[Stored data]

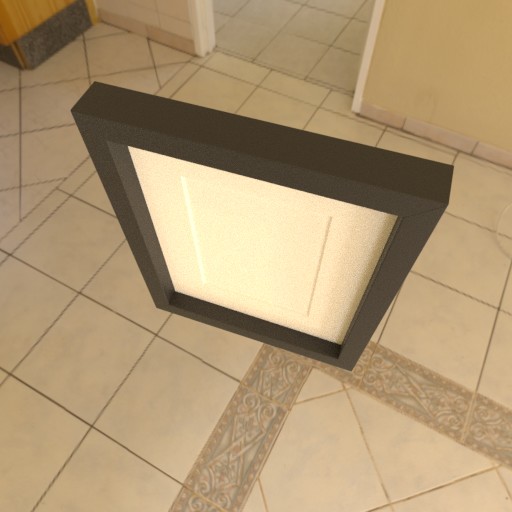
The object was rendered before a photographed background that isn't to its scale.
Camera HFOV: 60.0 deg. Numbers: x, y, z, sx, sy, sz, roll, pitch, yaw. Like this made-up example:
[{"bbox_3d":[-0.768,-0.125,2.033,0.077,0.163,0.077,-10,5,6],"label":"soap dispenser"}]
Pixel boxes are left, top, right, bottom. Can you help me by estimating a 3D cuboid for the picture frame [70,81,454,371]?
[{"bbox_3d":[0.000,0.000,0.388,0.232,0.284,0.042,16,59,10],"label":"picture frame"}]

- The problem -
Retype the whole of the data verbatim. Skip every picture.

- Result of the task -
The object was rendered before a photographed background that isn't to its scale.
Camera HFOV: 60.0 deg. Numbers: x, y, z, sx, sy, sz, roll, pitch, yaw. Like this made-up example:
[{"bbox_3d":[-0.768,-0.125,2.033,0.077,0.163,0.077,-10,5,6],"label":"soap dispenser"}]
Pixel boxes are left, top, right, bottom. Can you help me by estimating a 3D cuboid for the picture frame [70,81,454,371]?
[{"bbox_3d":[0.000,0.000,0.388,0.232,0.284,0.042,16,59,10],"label":"picture frame"}]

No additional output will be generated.